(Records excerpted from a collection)
────────────────

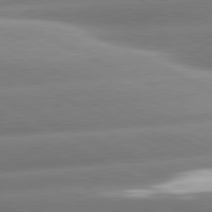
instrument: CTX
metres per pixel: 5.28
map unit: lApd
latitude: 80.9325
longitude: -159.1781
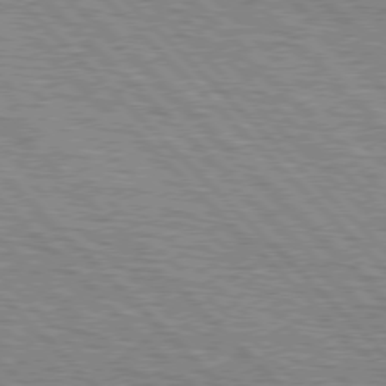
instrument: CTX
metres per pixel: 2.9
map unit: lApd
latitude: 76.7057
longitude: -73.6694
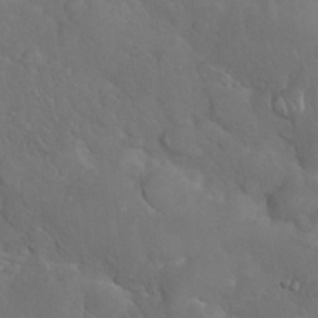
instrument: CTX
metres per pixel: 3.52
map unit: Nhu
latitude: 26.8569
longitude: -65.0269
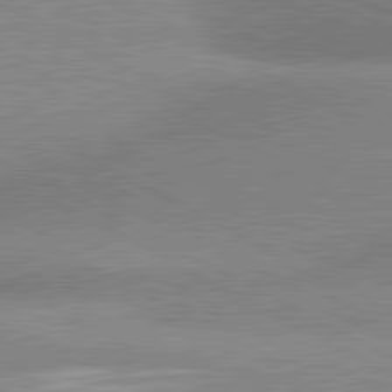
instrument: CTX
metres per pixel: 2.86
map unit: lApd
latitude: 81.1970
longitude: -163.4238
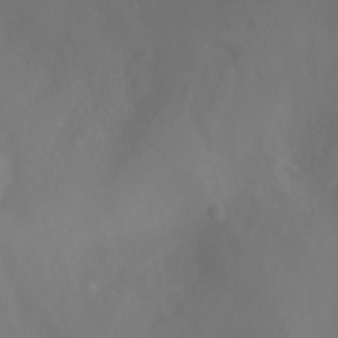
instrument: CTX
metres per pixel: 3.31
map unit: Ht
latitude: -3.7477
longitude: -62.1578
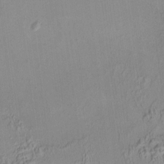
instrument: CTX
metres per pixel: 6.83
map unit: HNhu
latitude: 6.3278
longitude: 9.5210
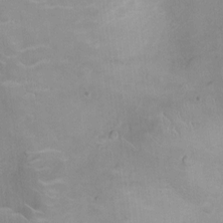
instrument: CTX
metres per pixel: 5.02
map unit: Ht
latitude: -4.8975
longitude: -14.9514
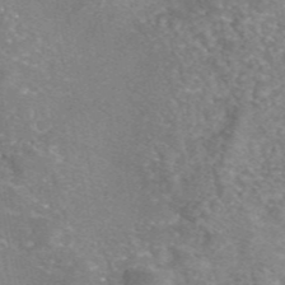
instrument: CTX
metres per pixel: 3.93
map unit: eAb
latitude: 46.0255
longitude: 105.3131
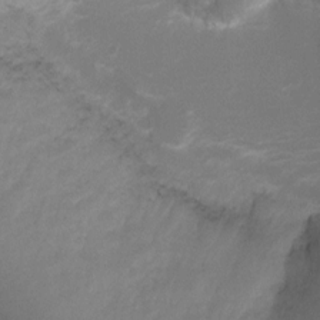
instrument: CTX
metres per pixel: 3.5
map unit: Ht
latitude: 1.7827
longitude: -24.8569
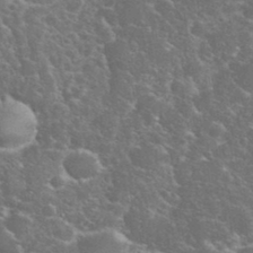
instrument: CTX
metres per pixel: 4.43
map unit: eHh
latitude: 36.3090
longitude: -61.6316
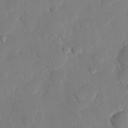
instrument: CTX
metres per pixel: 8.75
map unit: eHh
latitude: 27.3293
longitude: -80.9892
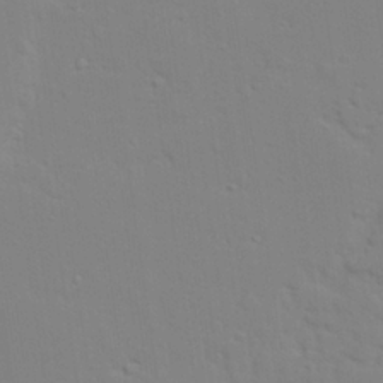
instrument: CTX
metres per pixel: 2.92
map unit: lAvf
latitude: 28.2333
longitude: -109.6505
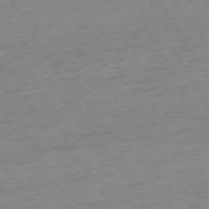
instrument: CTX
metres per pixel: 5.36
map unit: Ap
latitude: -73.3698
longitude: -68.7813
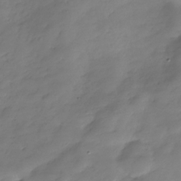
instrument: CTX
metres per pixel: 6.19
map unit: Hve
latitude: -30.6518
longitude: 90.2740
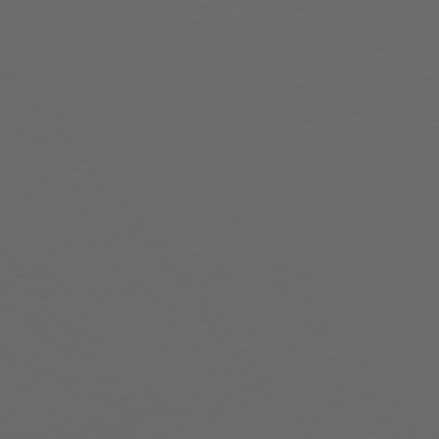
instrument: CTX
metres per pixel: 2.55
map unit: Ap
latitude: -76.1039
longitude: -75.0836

────────────────

* [WORK TO BE COMPLETED]: Write each entry again exactly, minus any images.

* [PROBLEM SOLUTION]:
instrument: CTX
metres per pixel: 5.28
map unit: lApd
latitude: 80.9325
longitude: -159.1781
instrument: CTX
metres per pixel: 2.9
map unit: lApd
latitude: 76.7057
longitude: -73.6694
instrument: CTX
metres per pixel: 3.52
map unit: Nhu
latitude: 26.8569
longitude: -65.0269
instrument: CTX
metres per pixel: 2.86
map unit: lApd
latitude: 81.1970
longitude: -163.4238
instrument: CTX
metres per pixel: 3.31
map unit: Ht
latitude: -3.7477
longitude: -62.1578
instrument: CTX
metres per pixel: 6.83
map unit: HNhu
latitude: 6.3278
longitude: 9.5210
instrument: CTX
metres per pixel: 5.02
map unit: Ht
latitude: -4.8975
longitude: -14.9514
instrument: CTX
metres per pixel: 3.93
map unit: eAb
latitude: 46.0255
longitude: 105.3131
instrument: CTX
metres per pixel: 3.5
map unit: Ht
latitude: 1.7827
longitude: -24.8569
instrument: CTX
metres per pixel: 4.43
map unit: eHh
latitude: 36.3090
longitude: -61.6316
instrument: CTX
metres per pixel: 8.75
map unit: eHh
latitude: 27.3293
longitude: -80.9892
instrument: CTX
metres per pixel: 2.92
map unit: lAvf
latitude: 28.2333
longitude: -109.6505
instrument: CTX
metres per pixel: 5.36
map unit: Ap
latitude: -73.3698
longitude: -68.7813
instrument: CTX
metres per pixel: 6.19
map unit: Hve
latitude: -30.6518
longitude: 90.2740
instrument: CTX
metres per pixel: 2.55
map unit: Ap
latitude: -76.1039
longitude: -75.0836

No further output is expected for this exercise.